Allowed domains stops random sites from embedding your widget, but a determined visitor on your own site can still open devtools and swap out the email, segments, filters — anything you set client-side. For most cases that's fine. If it's not, switch Settings › Project › Security to Signed identity.

In this mode UserRelay refuses to render the widget at all unless the request carries a valid HMAC signature — and the signature covers the entire payload of user info and filters, so any tampering breaks it.

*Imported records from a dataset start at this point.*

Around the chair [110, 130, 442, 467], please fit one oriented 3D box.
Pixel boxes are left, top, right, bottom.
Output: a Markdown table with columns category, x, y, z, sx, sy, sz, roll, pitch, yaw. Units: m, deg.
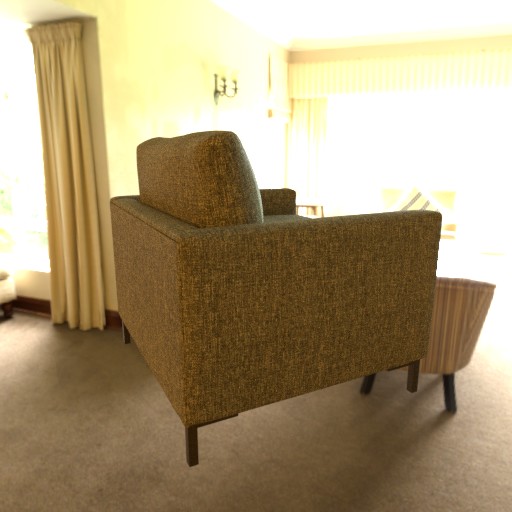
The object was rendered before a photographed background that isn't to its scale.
| category | x | y | z | sx | sy | sz | roll | pitch | yaw |
| --- | --- | --- | --- | --- | --- | --- | --- | --- | --- |
| chair | 0.000 | 0.000 | 1.627 | 0.866 | 0.861 | 0.963 | -7 | 15 | -26 |
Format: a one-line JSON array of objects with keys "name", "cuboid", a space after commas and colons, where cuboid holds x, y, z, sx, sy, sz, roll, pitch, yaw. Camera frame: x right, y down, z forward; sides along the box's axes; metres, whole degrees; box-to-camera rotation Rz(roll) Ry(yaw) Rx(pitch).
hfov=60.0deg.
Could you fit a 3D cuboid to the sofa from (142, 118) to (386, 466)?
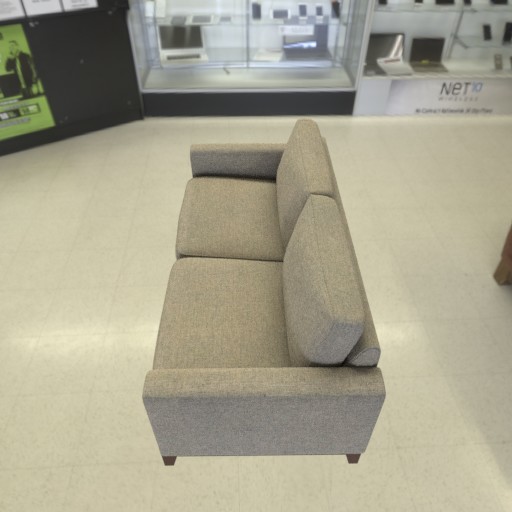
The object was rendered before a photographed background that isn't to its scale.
[{"name": "sofa", "cuboid": [0.000, 0.000, 2.502, 0.969, 0.892, 1.978, 0, 43, 0]}]
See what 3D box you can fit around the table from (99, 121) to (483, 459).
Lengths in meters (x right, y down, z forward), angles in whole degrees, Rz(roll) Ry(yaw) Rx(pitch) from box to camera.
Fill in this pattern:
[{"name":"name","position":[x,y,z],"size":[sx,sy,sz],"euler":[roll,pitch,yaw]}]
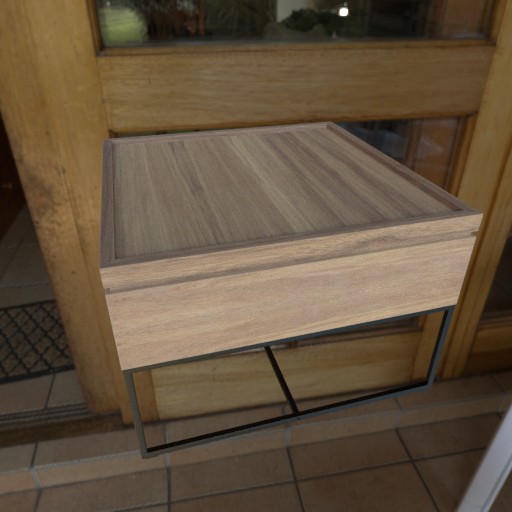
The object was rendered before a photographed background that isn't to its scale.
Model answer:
[{"name":"table","position":[0.000,0.000,1.133],"size":[0.676,0.464,0.679],"euler":[-8,32,-14]}]
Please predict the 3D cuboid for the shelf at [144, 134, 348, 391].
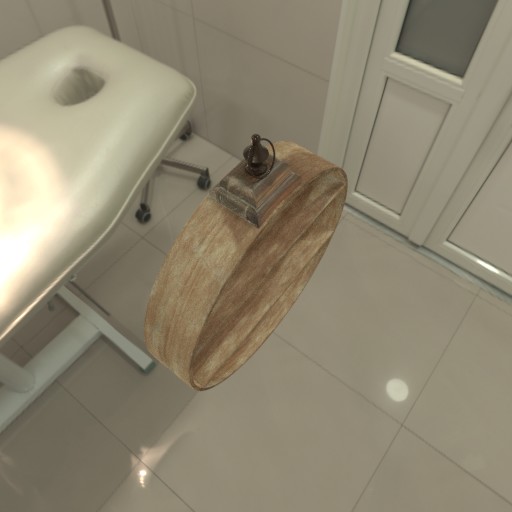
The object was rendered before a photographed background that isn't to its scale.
[{"bbox_3d":[0.000,0.000,1.008,0.125,0.725,0.601,33,64,19],"label":"shelf"}]
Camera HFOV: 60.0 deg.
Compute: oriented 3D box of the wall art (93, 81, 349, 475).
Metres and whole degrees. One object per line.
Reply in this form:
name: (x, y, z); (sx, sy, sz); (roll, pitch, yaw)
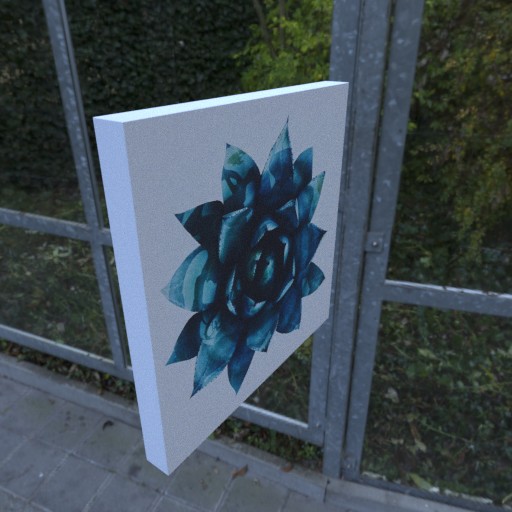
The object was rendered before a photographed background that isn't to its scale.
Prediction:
wall art: (0.000, 0.000, 0.592); (0.038, 0.406, 0.406); (18, 31, 32)
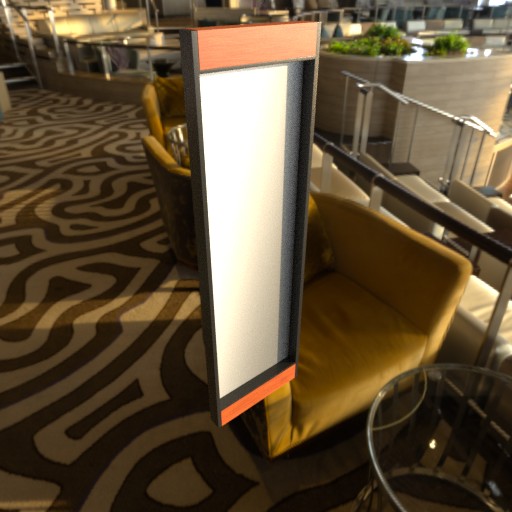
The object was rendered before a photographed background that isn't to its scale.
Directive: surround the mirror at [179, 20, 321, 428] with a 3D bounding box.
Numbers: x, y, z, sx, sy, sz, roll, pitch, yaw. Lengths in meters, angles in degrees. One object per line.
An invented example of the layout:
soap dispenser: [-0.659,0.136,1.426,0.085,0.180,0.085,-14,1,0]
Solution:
mirror: [0.000,0.000,1.211,0.343,1.123,0.047,-23,39,-33]
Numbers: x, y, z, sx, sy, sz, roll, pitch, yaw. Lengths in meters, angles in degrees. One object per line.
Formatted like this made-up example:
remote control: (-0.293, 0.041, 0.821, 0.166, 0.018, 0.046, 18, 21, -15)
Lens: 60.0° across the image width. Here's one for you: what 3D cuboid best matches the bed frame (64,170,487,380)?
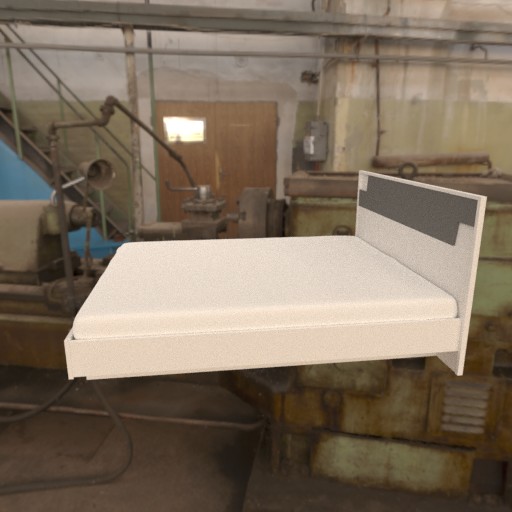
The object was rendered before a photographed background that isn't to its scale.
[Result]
bed frame: (0.000, 0.000, 3.031, 2.100, 1.001, 1.711, -2, 15, -7)
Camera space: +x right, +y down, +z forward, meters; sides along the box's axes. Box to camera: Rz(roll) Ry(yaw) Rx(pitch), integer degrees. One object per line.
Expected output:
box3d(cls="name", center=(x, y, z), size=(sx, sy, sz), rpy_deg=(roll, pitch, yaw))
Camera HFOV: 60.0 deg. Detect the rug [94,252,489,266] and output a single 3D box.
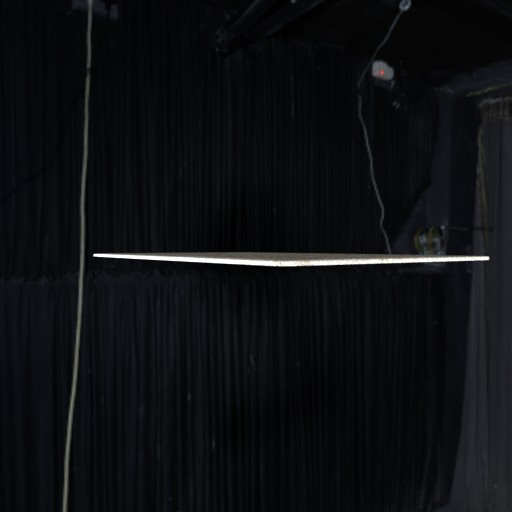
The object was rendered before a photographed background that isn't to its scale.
box3d(cls="rug", center=(0.000, 0.000, 3.080), size=(1.539, 0.024, 2.469), rpy_deg=(-1, 1, -36))
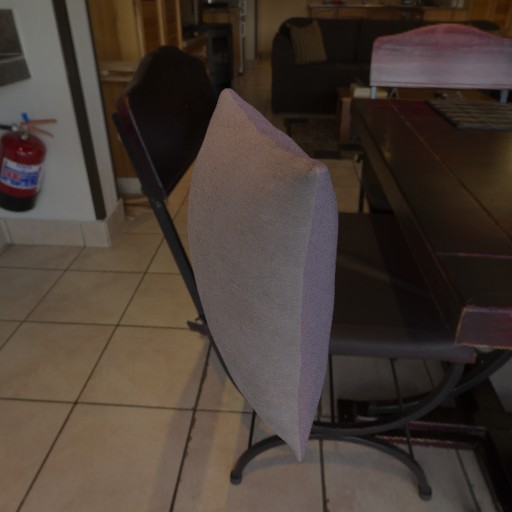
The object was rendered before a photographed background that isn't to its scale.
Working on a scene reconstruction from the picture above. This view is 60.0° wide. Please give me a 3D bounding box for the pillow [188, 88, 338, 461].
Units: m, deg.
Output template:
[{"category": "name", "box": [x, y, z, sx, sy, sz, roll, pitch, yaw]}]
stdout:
[{"category": "pillow", "box": [0.000, 0.000, 0.709, 0.204, 0.439, 0.452, -7, 31, -13]}]
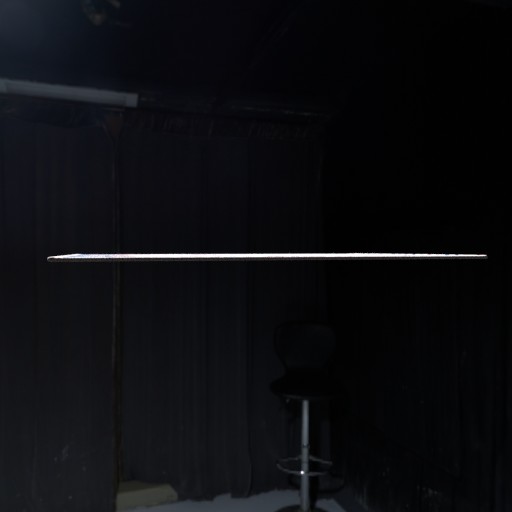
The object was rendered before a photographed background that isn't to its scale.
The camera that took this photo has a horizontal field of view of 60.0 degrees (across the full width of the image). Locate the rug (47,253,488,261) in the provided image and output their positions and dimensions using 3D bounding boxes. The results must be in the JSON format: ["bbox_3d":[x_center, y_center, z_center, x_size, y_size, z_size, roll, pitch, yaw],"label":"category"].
[{"bbox_3d":[0.000,0.000,2.312,1.840,0.015,1.225,0,1,-18],"label":"rug"}]
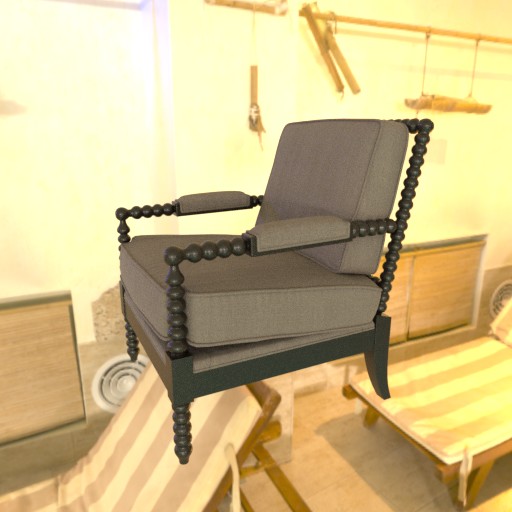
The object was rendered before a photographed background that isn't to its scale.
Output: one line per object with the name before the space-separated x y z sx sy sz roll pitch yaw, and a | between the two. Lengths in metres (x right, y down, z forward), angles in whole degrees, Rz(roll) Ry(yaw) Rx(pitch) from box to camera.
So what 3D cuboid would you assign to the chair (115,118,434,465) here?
chair | 0.000 0.000 1.108 0.622 0.661 0.540 -8 17 -26
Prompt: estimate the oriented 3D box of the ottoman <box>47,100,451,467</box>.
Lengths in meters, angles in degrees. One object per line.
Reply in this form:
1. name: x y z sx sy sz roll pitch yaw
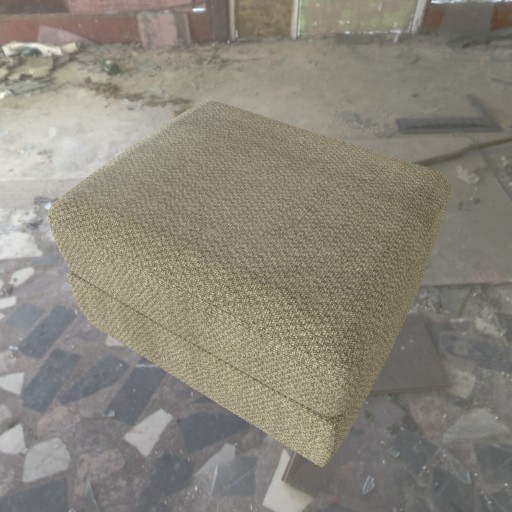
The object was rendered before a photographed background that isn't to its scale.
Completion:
1. ottoman: 0.000 0.000 1.100 0.751 0.476 0.603 24 51 22
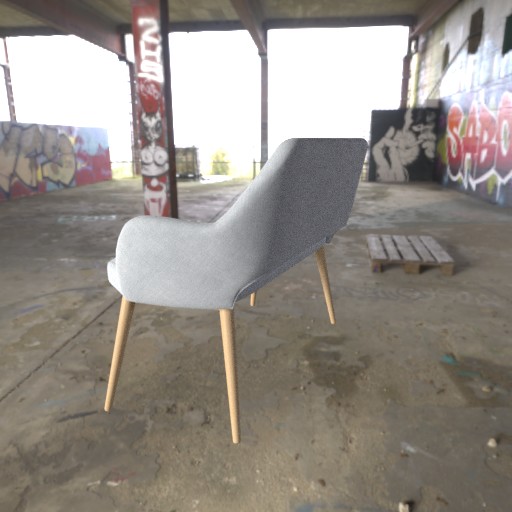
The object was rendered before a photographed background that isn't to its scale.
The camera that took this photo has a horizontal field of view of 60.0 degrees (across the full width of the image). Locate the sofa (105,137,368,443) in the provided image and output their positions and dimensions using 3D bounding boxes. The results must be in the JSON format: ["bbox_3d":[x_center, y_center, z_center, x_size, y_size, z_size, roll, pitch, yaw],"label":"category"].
[{"bbox_3d":[0.000,0.000,1.626,0.610,0.840,1.150,7,16,25],"label":"sofa"}]
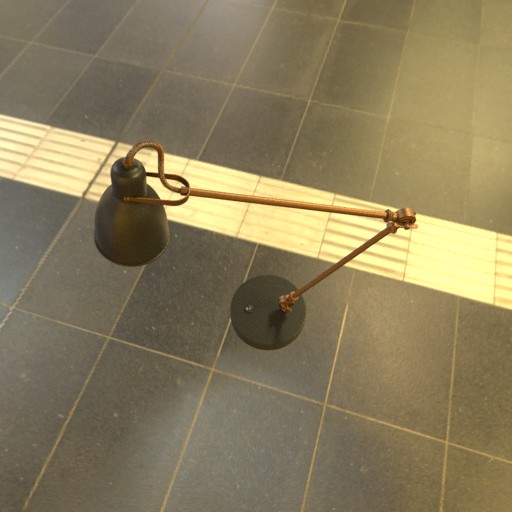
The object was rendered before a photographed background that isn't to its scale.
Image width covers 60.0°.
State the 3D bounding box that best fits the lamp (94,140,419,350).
[{"bbox_3d":[0.000,0.000,0.862,0.561,0.587,0.187,-2,60,-1],"label":"lamp"}]

On your server, build the same object you'd otherwise put in user_relay_config (minus the project key). Base64-encode the JSON, then append a dot and the HMAC of that base64 string — signed with your Widget secret. The result is one self-contained token:

// PHP
$encoded = base64_encode(json_encode([
    'user' => [
        'name'     => $user->name,
        'email'    => $user->email,
        'segments' => 'engineering,beta',
    ],
    'segments'   => 'engineering,beta',
    'categories' => 'NEW,FIX',
]));
$payload = $encoded . '.' . hash_hmac('sha256', $encoded, env('USER_RELAY_SECRET'));
// Node.js
const crypto = require('crypto');
const encoded = Buffer.from(JSON.stringify({
    user: {
        name:     user.name,
        email:    user.email,
        segments: 'engineering,beta',
    },
    segments:   'engineering,beta',
    categories: 'NEW,FIX',
})).toString('base64');
const payload = encoded + '.' + crypto
    .createHmac('sha256', process.env.USER_RELAY_SECRET)
    .update(encoded)
    .digest('hex');
# Ruby
require 'base64'
require 'json'
require 'openssl'

encoded = Base64.strict_encode64({
    user: {
        name:     user.name,
        email:    user.email,
        segments: 'engineering,beta',
    },
    segments:   'engineering,beta',
    categories: 'NEW,FIX',
}.to_json)
payload = "#{encoded}.#{OpenSSL::HMAC.hexdigest('SHA256', ENV['USER_RELAY_SECRET'], encoded)}"
# Python
import base64, hmac, hashlib, json, os

encoded = base64.b64encode(json.dumps({
    'user': {
        'name':     user.name,
        'email':    user.email,
        'segments': 'engineering,beta',
    },
    'segments':   'engineering,beta',
    'categories': 'NEW,FIX',
}).encode()).decode()
signature = hmac.new(
    os.environ['USER_RELAY_SECRET'].encode(),
    encoded.encode(),
    hashlib.sha256,
).hexdigest()
payload = f"{encoded}.{signature}"

Then ship just the token to the browser. The signed payload replaces every config field client-side — nothing in it can be tampered with without breaking the signature:

var user_relay_config = {
    project_key: "your-project-key",
    payload:     "<the signed token you computed>",
};

Anonymous visitors (anyone without a valid payload) will not see the widget at all. If you want both anonymous and signed visitors, stay on Allowed domains mode instead.